Aujourd'hui, la croissance des énergies renouvelables est entravée par une crise de l'investissement, et les niveaux d'investissement devront augmenter de façon spectaculaire si l'on veut atteindre les objectifs climatiques :
- La Chine, responsable de 40 % des investissements dans les énergies renouvelables en 2017, a réduit ses investissements dans ce domaine de 38 % en 2018, et les investissements diminueront encore de 8 % en 2020 pour atteindre le chiffre le plus bas depuis 2013.
- Les investissements dans les nouvelles capacités de production d'énergie renouvelable (principalement éolienne et solaire) doivent totaliser 22,5 mille milliards de dollars d'ici 2050. Cela équivaut à environ 662 milliards de dollars par an, chaque année - soit à peu près le double des niveaux d'investissement observés ces dernières années, qui se situaient en moyenne autour de 300 milliards de dollars.
En outre, la politique actuelle ne tient pas suffisamment compte de l'impact des "énergies renouvelables variables" (ERV) :
- Les compagnies d'électricité risquent d'être de plus en plus incapables de continuer à faire fonctionner les centrales à combustible fossile "de base" dont on se sert encore dans une grande partie du monde. C'est pourquoi les gouvernements interviennent actuellement pour subventionner l'industrie des combustibles fossiles, au détriment du contribuable ou du consommateur.

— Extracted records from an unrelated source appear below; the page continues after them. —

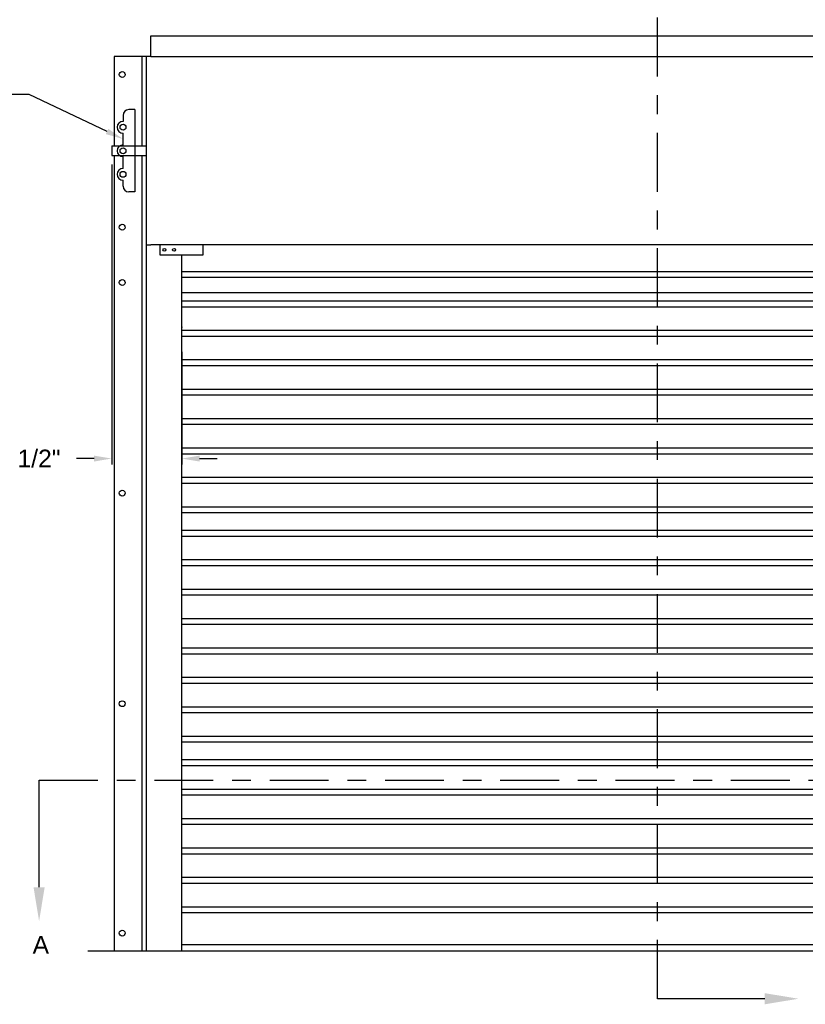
# Model space of a CAD drawing. Header units: inches. Extents: x 169.6 to 213.8, y 195 to 266.5.
# Tile 38 of 49: x 200.8 to 205, y 219.9 to 225.1. Entities that reach past the tile are written whole.
import ezdxf
from ezdxf import colors
from ezdxf.entities.mleader import LeaderData, LeaderLine
from ezdxf.math import Vec2, Vec3

# ---------------------------------------------------------------- set-up
doc = ezdxf.new("R2010")
doc.units = ezdxf.units.IN
doc.header["$LTSCALE"] = 0.25
doc.header["$MEASUREMENT"] = 0
doc.linetypes.add('CENTER', pattern=[2, 1.25, -0.25, 0.25, -0.25])
for name, color, linetype in [('ANNOTATIONS', 1, 'Continuous'), ('CHAIN HOIST RH', 7, 'Continuous'), ('SECTION CUTS', 6, 'CENTER')]:
    doc.layers.add(name, color=color, linetype=linetype)
doc.styles.add('ARIAL', font='arial.ttf', dxfattribs={"height": 0.09375})
doc.styles.get("Standard").update_dxf_attribs({"font": 'romans.shx'})
doc.dimstyles.new('STANDARD$0', dxfattribs={"dimtxt": 0.09375, "dimasz": 0.09375, "dimexe": 0.03125, "dimexo": 0.046875, "dimgap": 0.09, "dimtad": 0, "dimtih": 1, "dimtoh": 1, "dimdec": 4, "dimzin": 0, "dimdsep": 46, "dimtxsty": 'ARIAL', "dimcen": 0.09, "dimadec": 0, "dimazin": 0, "dimtfac": 1, "dimtdec": 4, "dimtofl": 0, "dimtmove": 0, "dimatfit": 1, "dimfxl": 1, "dimtolj": 1, "dimtzin": 0, "dimarcsym": 0})

# ---------------------------------------------------------------- blocks, each defined once
blk = doc.blocks.new('*D42')
at = {"layer": 'ANNOTATIONS', "color": 0, "lineweight": -2, "transparency": 16777216}
for p, q in [((201.331, 224.3257), (201.331, 222.7321)), ((201.7037, 223.3299), (201.7037, 222.7321)), ((201.2373, 222.7634), (201.1435, 222.7634)), ((201.7975, 222.7634), (201.8912, 222.7634))]:
    blk.add_line(p, q, dxfattribs=at)
at = {"layer": 'ANNOTATIONS', "color": 0, "transparency": 16777216}
for points in [[(201.2373, 222.779), (201.2373, 222.7477), (201.331, 222.7634)], [(201.7975, 222.779), (201.7975, 222.7477), (201.7037, 222.7634)]]:
    blk.add_solid(points, dxfattribs=at)
at = {"layer": 'defpoints', "color": 0, "transparency": 16777216}
for p in [(201.331, 224.3726), (201.7037, 223.3767), (201.331, 222.7634)]:
    blk.add_point(p, dxfattribs=at)
at = {"layer": 'ANNOTATIONS', "color": 0, "transparency": 16777216, "insert": (200.8904, 222.7634), "char_height": 0.09375, "attachment_point": 5, "style": 'ARIAL'}
blk.add_mtext('\\A1;5 1/2"', dxfattribs=at)

msp = doc.modelspace()

# ---------------------------------------------------------------- linework, layer by layer
at = {"layer": 'CHAIN HOIST RH'}
for p, q in [((201.53967, 224.89855), (201.53967, 225.00988)), ((201.53967, 225.00988), (206.86779, 225.00988)), ((201.53967, 224.89855), (206.86779, 224.89855)), ((201.33102, 224.4245), (201.51623, 224.4245)), ((201.33102, 224.4245), (201.33102, 224.3726)), ((201.33102, 224.3726), (201.51623, 224.3726)), ((206.86779, 223.89855), (201.53967, 223.89855)), ((201.70373, 223.75778), (206.70373, 223.75778)), ((201.70373, 223.72653), (206.70373, 223.72653)), ((201.70373, 223.60153), (206.70373, 223.60153)), ((201.70373, 223.57028), (206.70373, 223.57028)), ((201.70373, 223.44528), (206.70373, 223.44528)), ((201.70373, 223.41403), (206.70373, 223.41403)), ((201.70373, 223.28903), (206.70373, 223.28903)), ((201.70373, 223.25778), (206.70373, 223.25778)), ((201.70373, 223.13278), (206.70373, 223.13278)), ((201.70373, 223.10153), (206.70373, 223.10153)), ((201.70373, 222.97653), (206.70373, 222.97653)), ((201.70373, 222.94528), (206.70373, 222.94528)), ((201.70373, 222.82028), (206.70373, 222.82028)), ((201.70373, 222.78903), (206.70373, 222.78903)), ((201.70373, 222.66403), (206.70373, 222.66403)), ((201.70373, 222.63278), (206.70373, 222.63278)), ((201.70373, 222.50778), (206.70373, 222.50778)), ((201.70373, 222.47653), (206.70373, 222.47653)), ((201.70373, 222.38278), (206.70373, 222.38278)), ((201.70373, 222.35153), (206.70373, 222.35153)), ((201.70373, 222.22653), (206.70373, 222.22653)), ((201.70373, 222.19528), (206.70373, 222.19528)), ((201.70373, 222.07028), (206.70373, 222.07028)), ((201.70373, 222.03903), (206.70373, 222.03903)), ((201.70373, 221.91403), (206.70373, 221.91403)), ((201.70373, 221.88278), (206.70373, 221.88278)), ((201.70373, 221.75778), (206.70373, 221.75778)), ((201.70373, 221.72653), (206.70373, 221.72653)), ((201.70373, 221.60153), (206.70373, 221.60153)), ((201.70373, 221.57028), (206.70373, 221.57028)), ((201.70373, 221.44528), (206.70373, 221.44528)), ((201.70373, 221.41403), (206.70373, 221.41403)), ((201.70373, 221.28903), (206.70373, 221.28903)), ((201.70373, 221.25778), (206.70373, 221.25778)), ((201.70373, 221.16403), (206.70373, 221.16403)), ((201.70373, 221.13278), (206.70373, 221.13278)), ((201.70373, 221.00778), (206.70373, 221.00778)), ((201.70373, 220.97653), (206.70373, 220.97653)), ((201.70373, 220.85153), (206.70373, 220.85153)), ((201.70373, 220.82028), (206.70373, 220.82028)), ((201.70373, 220.69528), (206.70373, 220.69528)), ((201.70373, 220.66403), (206.70373, 220.66403)), ((201.70373, 220.53903), (206.70373, 220.53903)), ((201.70373, 220.50778), (206.70373, 220.50778)), ((201.70373, 220.38278), (206.70373, 220.38278)), ((201.70373, 220.35153), (206.70373, 220.35153)), ((206.70373, 220.1798), (201.70373, 220.1798)), ((201.20373, 220.14855), (207.20373, 220.14855))]:
    msp.add_line(p, q, dxfattribs=at)
at = {"layer": 'CHAIN HOIST RH', "linetype": 'Continuous'}
for p, q in [((201.53967, 224.89855), (201.34408, 224.89855)), ((201.34408, 224.89855), (201.34408, 224.4245)), ((201.49279, 224.4245), (201.49279, 224.89855)), ((201.51623, 220.14855), (201.51623, 224.89855)), ((201.45373, 224.6173), (201.42248, 224.6173)), ((201.45373, 224.6173), (201.45373, 224.1798)), ((201.39123, 224.58605), (201.39123, 224.5548)), ((201.39123, 224.4298), (201.39123, 224.4923)), ((201.34408, 224.3726), (201.34408, 220.14855)), ((201.39123, 224.3048), (201.39123, 224.3673)), ((201.49279, 220.14855), (201.49279, 224.3726)), ((201.39123, 224.21105), (201.39123, 224.2423)), ((201.45373, 224.1798), (201.42248, 224.1798)), ((201.51623, 223.89855), (201.53967, 223.89855)), ((201.58687, 223.89855), (201.58687, 223.84613)), ((201.81767, 223.84613), (201.81767, 223.89855)), ((201.58687, 223.84613), (201.81767, 223.84613)), ((201.70373, 220.14855), (201.70373, 223.84613)), ((201.70373, 223.64519), (206.70373, 223.64519))]:
    msp.add_line(p, q, dxfattribs=at)
for centre, radius in [((201.38682, 224.80349), 0.01562), ((201.38682, 223.9923), 0.01562), ((201.61092, 223.87234), 0.00781), ((201.6621, 223.87234), 0.00781), ((201.38682, 223.69855), 0.01562), ((201.38682, 222.5798), 0.01562), ((201.38682, 221.46105), 0.01562), ((201.38682, 220.2423), 0.01562)]:
    msp.add_circle(centre, radius, dxfattribs=at)
at = {"layer": 'CHAIN HOIST RH'}
for centre in [(201.39123, 224.52355), (201.39123, 224.39855), (201.39123, 224.27355)]:
    msp.add_circle(centre, 0.01562, dxfattribs=at)
at = {"layer": 'CHAIN HOIST RH', "linetype": 'Continuous'}
for centre, start, end in [((201.42248, 224.58605), 90, 180), ((201.39123, 224.52355), 90, 270), ((201.39123, 224.39855), 90, 270), ((201.39123, 224.27355), 90, 270), ((201.42248, 224.21105), 180, 270)]:
    msp.add_arc(centre, 0.03125, start, end, dxfattribs=at)
at = {"layer": 'CHAIN HOIST RH', "linetype": 'ByBlock'}
msp.add_point((201.70373, 223.46105), dxfattribs=at)
at = {"layer": 'SECTION CUTS'}
for p, q in [((204.23024, 219.89372), (204.23024, 225.23792)), ((200.94541, 221.05556), (207.46137, 221.05556))]:
    msp.add_line(p, q, dxfattribs=at)

# ---------------------------------------------------------------- texts
at = {"layer": 'SECTION CUTS', "style": 'ARIAL'}
msp.add_text('A', height=0.09375, dxfattribs=at).set_placement((200.91094, 220.13313))

# ---------------------------------------------------------------- dimensions: what is measured, and where the dimension line sits
at = {"layer": 'ANNOTATIONS'}
dim = msp.add_linear_dim(base=(201.33102, 222.76335), p1=(201.70373, 223.37673), p2=(201.33102, 224.3726), angle=180, text='5 1/2"', dimstyle='STANDARD$0', dxfattribs=at)
dim.commit()
dim.dimension.update_dxf_attribs({"geometry": '*D42', "text_midpoint": (200.89042, 222.76335), "dimtype": 160})

# ---------------------------------------------------------------- leaders
ml = msp.add_multileader_mtext('Standard', dxfattribs=at)
ml.set_content('CHARGE WHEEL', color=256, style='ARIAL')
ml.set_leader_properties()
ml.build(insert=Vec2(0, 0))
ml.multileader.update_dxf_attribs({"dogleg_length": 0.36, "arrow_head_size": 0.09375})
ctx = ml.context
ctx.base_point, ctx.char_height, ctx.arrow_head_size, ctx.landing_gap_size, ctx.plane_origin = Vec3(199.56328, 224.69736), 0.09375, 0.09375, 0.09, Vec3(198.2397, 224.05174)
ctx.text_align_type = 2
notes = []
notes.append((ctx, [(1, (1, 1, 0), (200.89251, 224.69736), (-1, 0), 0.09796, [(0, [(201.39123, 224.46105)], 0, [])])]))
ctx.mtext.insert, ctx.mtext.alignment, ctx.mtext.flow_direction = Vec3(200.70455, 224.74503), 3, 5
at = {"layer": 'SECTION CUTS'}
ml = msp.add_multileader_mtext('Standard', dxfattribs=at)
ml.set_content('', color=256)
ml.set_leader_properties()
ml.build(insert=Vec2(0, 0))
ml.multileader.update_dxf_attribs({"dogleg_length": 0, "arrow_head_size": 0.18})
ctx = ml.context
ctx.base_point, ctx.char_height, ctx.arrow_head_size, ctx.landing_gap_size, ctx.plane_origin = Vec3(200.94541, 221.05556), 0.18, 0.18, 0, Vec3(200.94541, 220.30604)
notes.append((ctx, [(0, (1, 1, 0), (200.94541, 221.05556), (1, 0), 0, [(0, [(200.94541, 220.30604)], 0, [])])]))
ctx.mtext.insert, ctx.mtext.flow_direction = Vec3(200.94541, 221.14556), 5
ml = msp.add_multileader_mtext('Standard', dxfattribs=at)
ml.set_content('', color=256)
ml.set_leader_properties()
ml.build(insert=Vec2(0, 0))
ml.multileader.update_dxf_attribs({"dogleg_length": 0, "arrow_head_size": 0.18})
ctx = ml.context
ctx.base_point, ctx.char_height, ctx.arrow_head_size, ctx.landing_gap_size, ctx.plane_origin, ctx.plane_x_axis, ctx.plane_y_axis = Vec3(204.23024, 219.89372), 0.18, 0.18, 0, Vec3(204.97976, 219.89372), Vec3(0, 1), Vec3(-1, 0)
notes.append((ctx, [(0, (1, 1, 0), (204.23024, 219.89372), (1, 0), 0, [(0, [(204.97976, 219.89372)], 0, [])])]))
ctx.mtext.insert, ctx.mtext.text_direction, ctx.mtext.rotation, ctx.mtext.flow_direction = Vec3(204.14024, 219.89372), Vec3(0, 1), 1.5707963, 5
for ctx, leaders in notes:
    for number, flags, end, landing, length, lines in leaders:
        leader = LeaderData()
        leader.index, (leader.has_last_leader_line, leader.has_dogleg_vector, leader.attachment_direction) = number, flags
        leader.last_leader_point, leader.dogleg_vector, leader.dogleg_length = Vec3(end), Vec3(landing), length
        for number, points, colour, breaks in lines:
            line = LeaderLine()
            line.index, line.vertices, line.color, line.breaks = number, Vec3.list(points), colors.encode_raw_color(colour), breaks
            leader.lines.append(line)
        ctx.leaders.append(leader)

doc.saveas('drawing.dxf')

- Les technologies nécessaires à l'intégration des énergies renouvelables dans les réseaux électriques sont elles-mêmes confrontées à des obstacles importants. Par exemple, selon l'Agence Internationale de l'Energie, moins de 2 % du potentiel mondial de flexibilité de la demande est actuellement réalisé.
En résumé, la politique actuelle est incapable d'assurer la transition énergétique requise de toute urgence. Elle s'appuie sur des "mécanismes de marché" défaillants ("de la carotte et du bâton"), souffre d'un déficit d'investissement massif et n'a pas réussi à relever les défis techniques posés par les énergies renouvelables variables.
Nous avons besoin d'un autre paradigme. Comme nous l'avons vu avec la pandémie, la résolution de problèmes mondiaux complexes dans des délais courts nécessite une planification et une coordination gouvernementale. (...) Une approche véritablement publique de la transition énergétique est nécessaire pour limiter le changement climatique et éviter les pires impacts sur le climat.
[1] Voir les travaux de l'historien Jean-Baptiste Fressoz
[2] Cela correspond grosso modo à 12 réacteurs nucléaires par exemple.